Scudder (center, in the cap) with his students and the Bright Spaces team.
Scudder, who is in his sixth year teaching at HSC, was also able to use Newton’s history as a chance to teach students about the Black Panther Party in New Haven, which ran both coalition meetings and its revolutionary Free Breakfast Program in the city from the late 1960s through the early 1970s. This fall, that history seems especially present with the passing of Hill matriarch Ann Boyd, a co-founder of the Hill Parents Association who worked to keep Panther history alive decades after the chapter had dissolved.

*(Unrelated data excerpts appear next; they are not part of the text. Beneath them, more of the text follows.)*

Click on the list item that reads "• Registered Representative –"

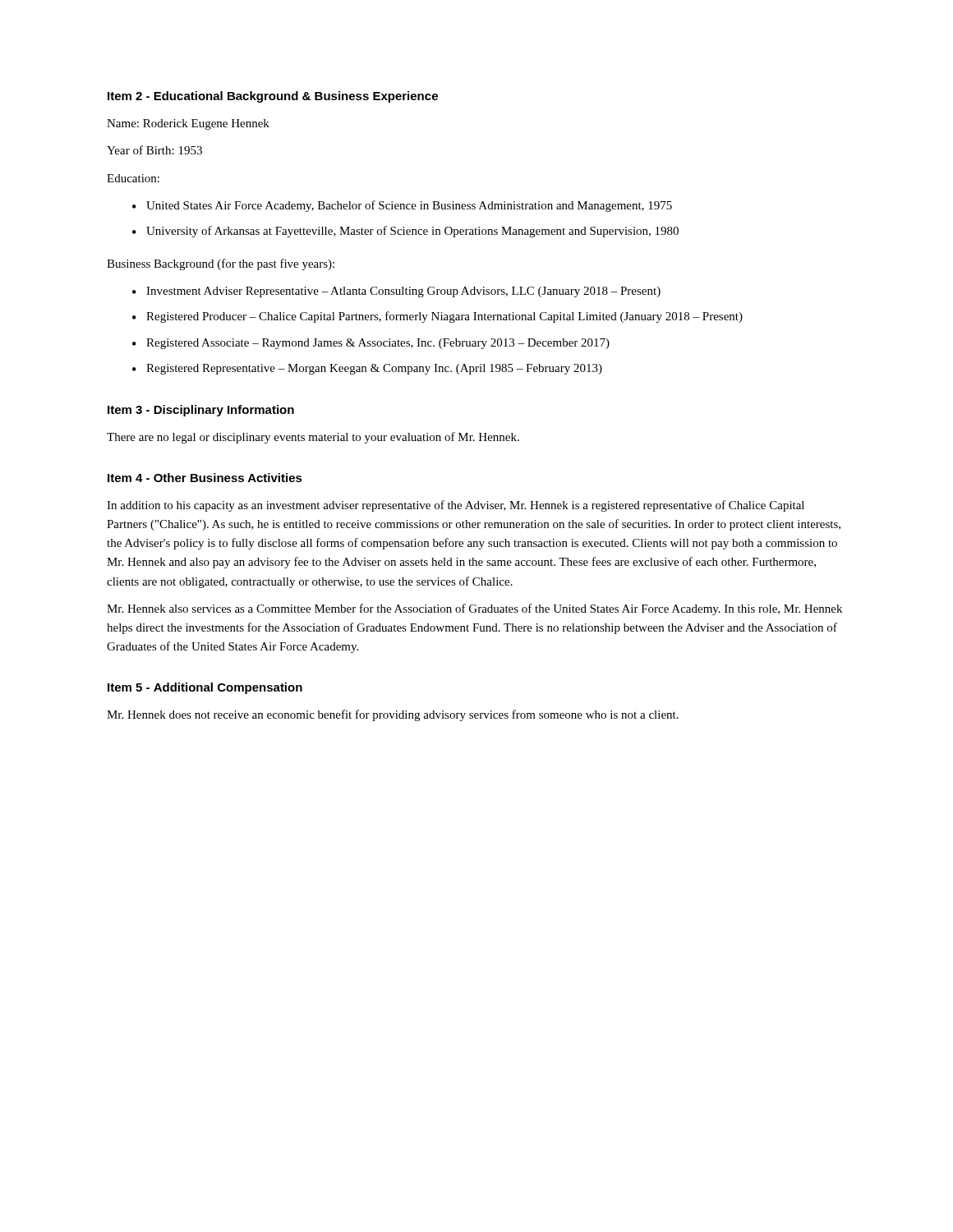(489, 369)
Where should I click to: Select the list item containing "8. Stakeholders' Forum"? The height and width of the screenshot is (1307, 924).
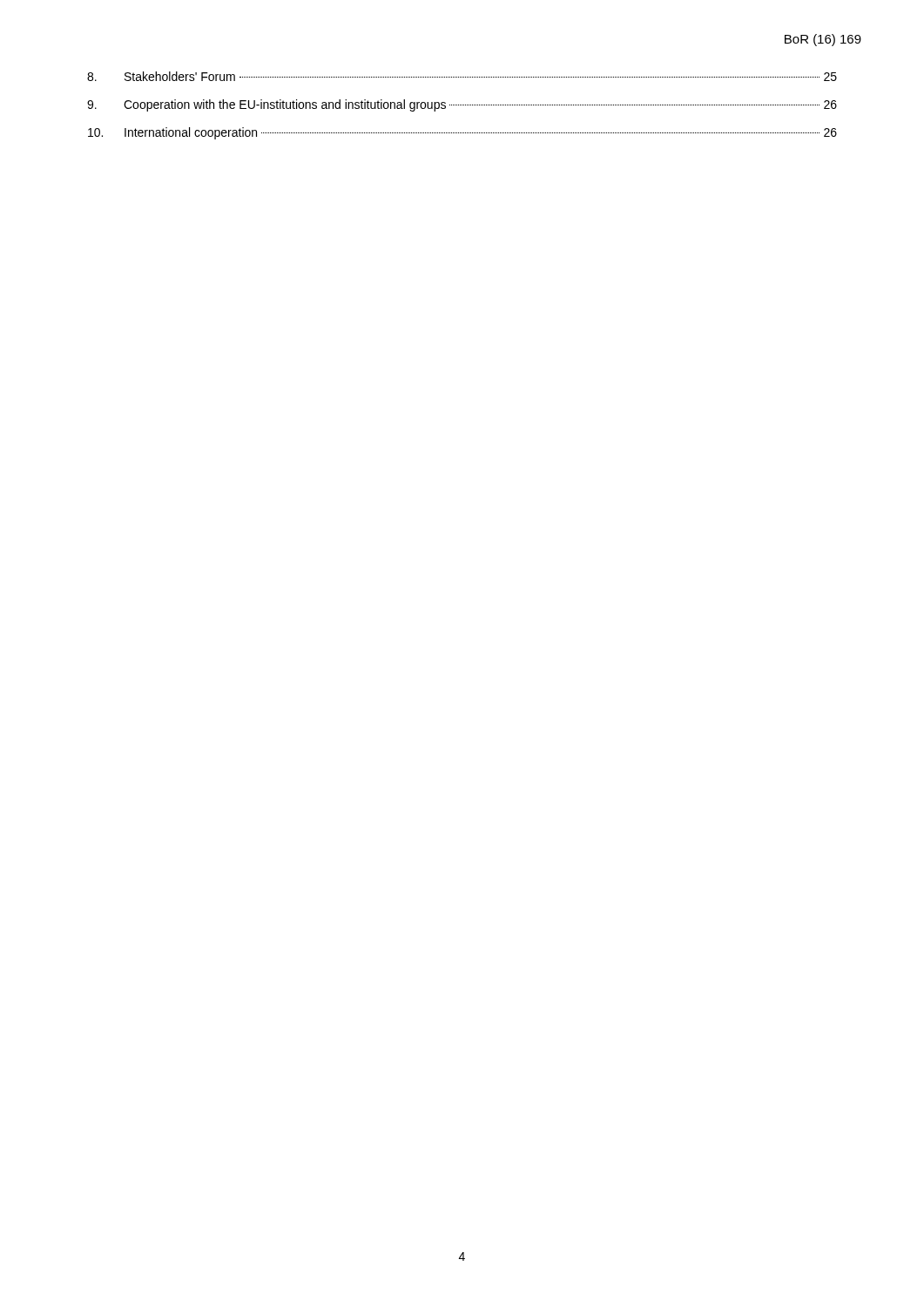point(462,77)
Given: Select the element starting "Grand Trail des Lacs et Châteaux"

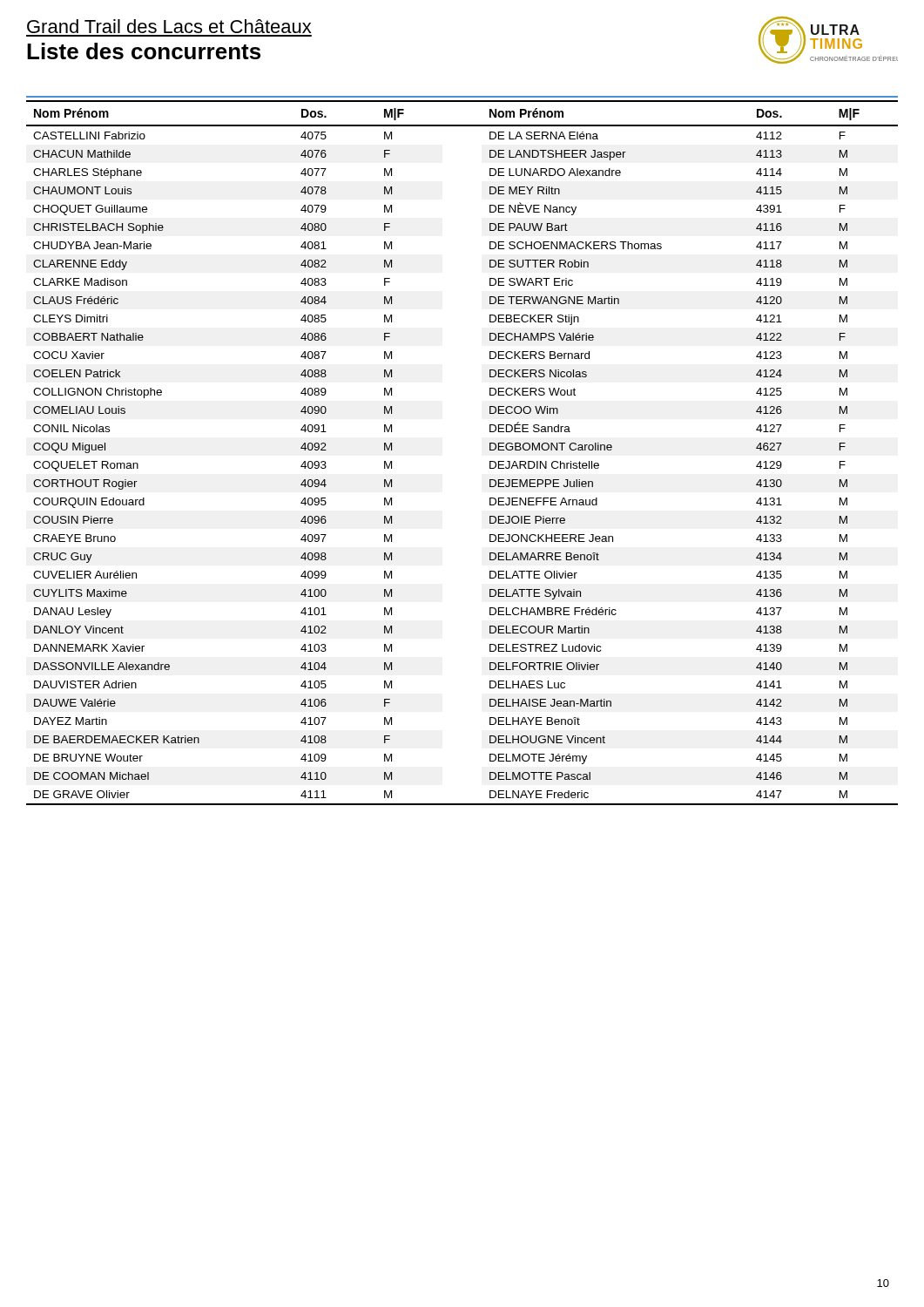Looking at the screenshot, I should click(169, 27).
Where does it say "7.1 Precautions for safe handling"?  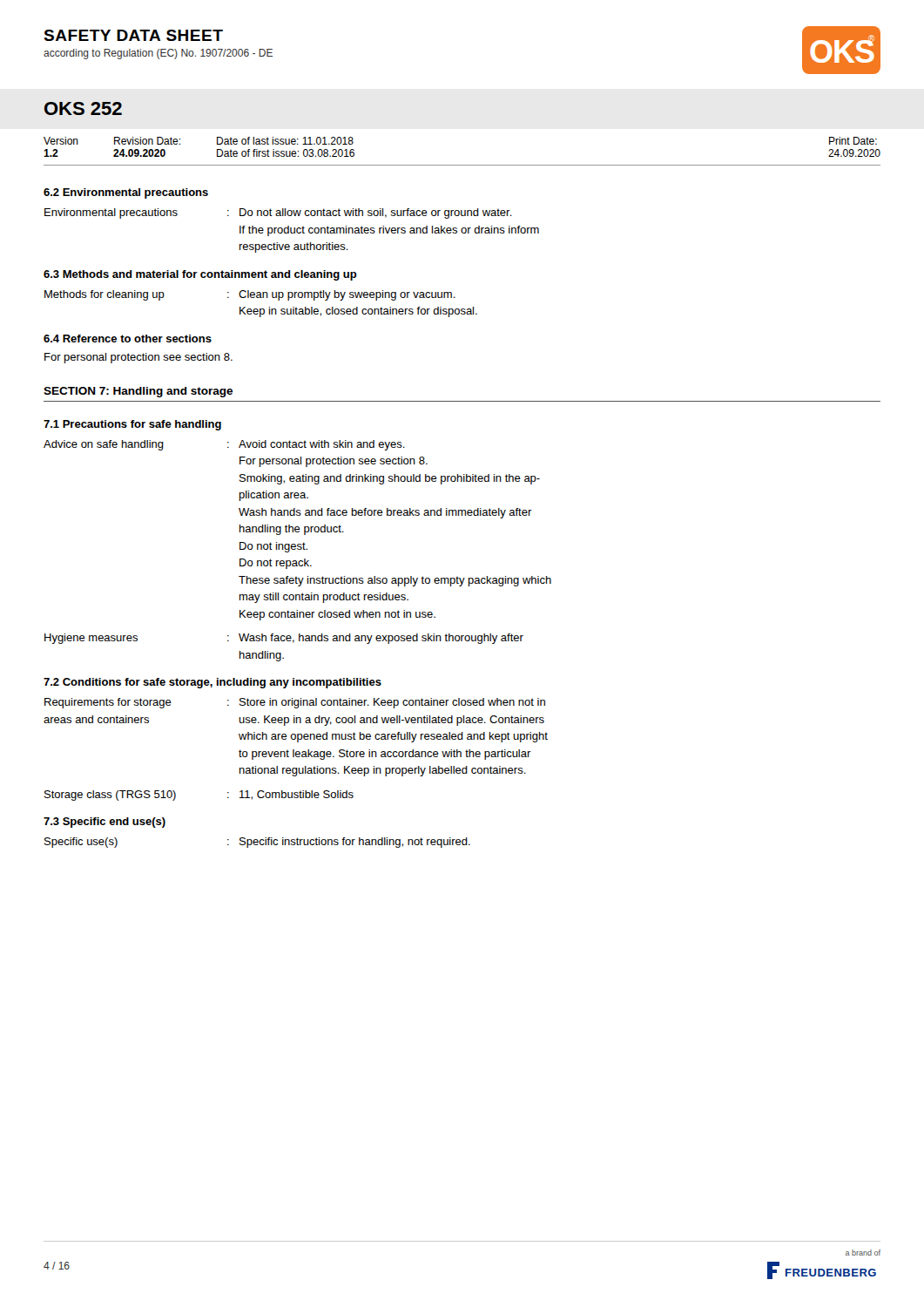pos(132,425)
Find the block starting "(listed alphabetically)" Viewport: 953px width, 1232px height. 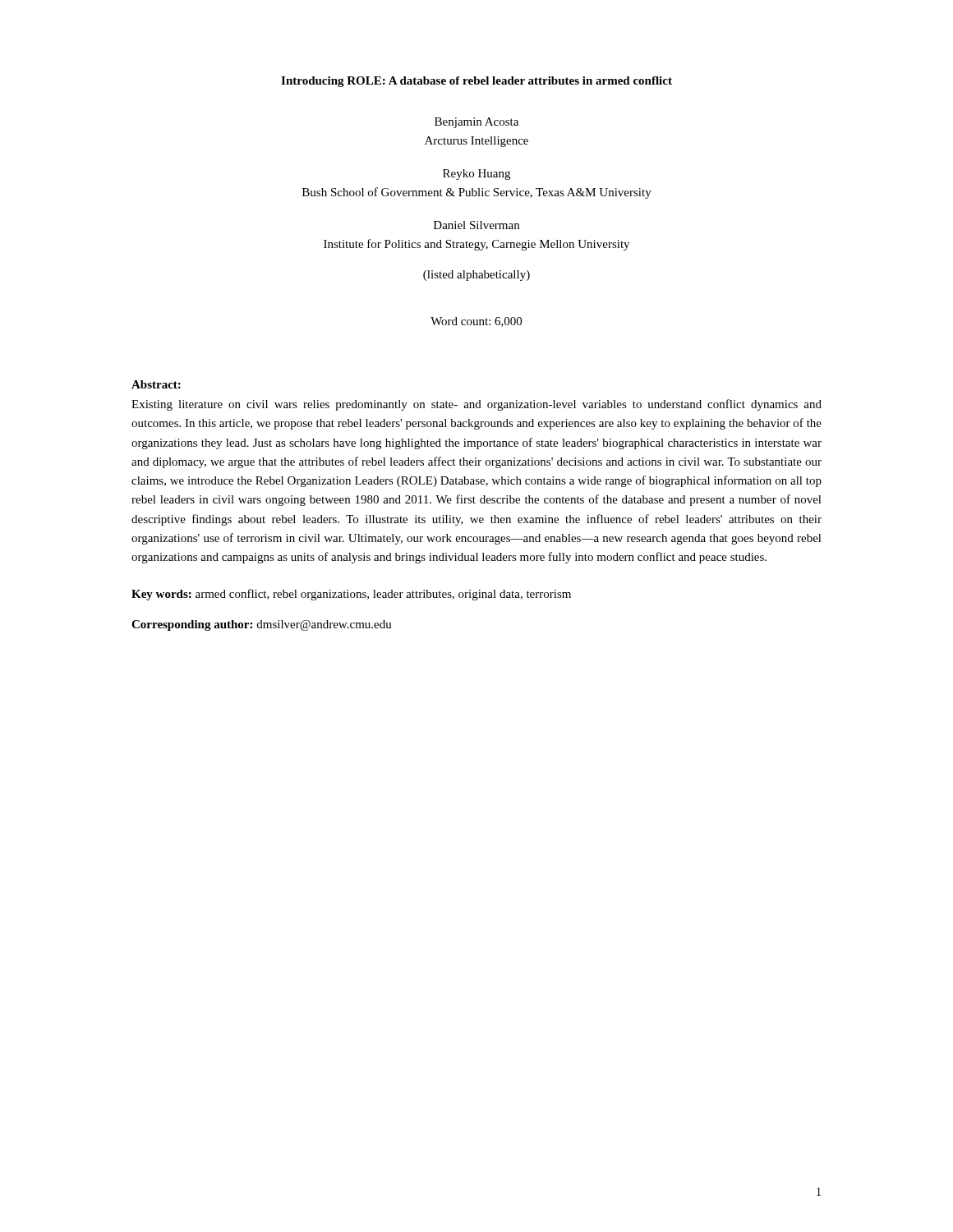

“It seems like everything that happens in the U.S. intersects with New Haven,” Scudder said (case and point: National Farm Workers Association co-founder Dolores Huerta spoke in the city in 2022). This year, he’s often reminded of that as he gets a course in New Haven history off the ground. After Gonzalez cut the ribbon Friday, he took students over to the side of the building, where a painted-over break in the brick extends from the sidewalk towards the top of the wall. It felt like another potential blank canvas.
“I’d probably want to see something with law or social justice,” since HSC is New Haven’s “social justice” magnet high school, said senior Taylor Hargreaves, who loves the school’s small, tight-knit feel. Born and raised in the city’s Newhallville neighborhood, she’s very influenced by the Black Lives Matter movement, she said. “Like a whole lot of fists in the air.”
Diana Paola Robles Manso, who is currently working on a class project about the feminist writer Gloria Anzaldúa for Hispanic Heritage Month, emphasized the importance of having a figure or moment who could speak to students through art. Before the mural project, for instance, she had heard of Chisholm, “but I didn’t get a deeper understanding of the history until I saw it in my face,” she said.
Building Leader (that’s a fancy word for principal) Nick Perrone, who arrived at HSC earlier this year after several August transfers at the New Haven Board of Education, said he’s excited for the new murals, and hopeful that there will be more to come. Just as murals have beautified the inside of the school in recent years, this makes HSC—which is an old building, where the toll of time is sometimes visible—more welcoming for current and future students and staff.
“It’s so exciting to be a part of it,” he said. “In many ways, each of us is an empty space waiting to be filled with something. It’s beautiful that they took these empty spaces” and used them as a chance to make history come alive.
Wang, who is now working with students at Celentano School, had echoed that praise earlier in the day. “This is just a celebration,” she said.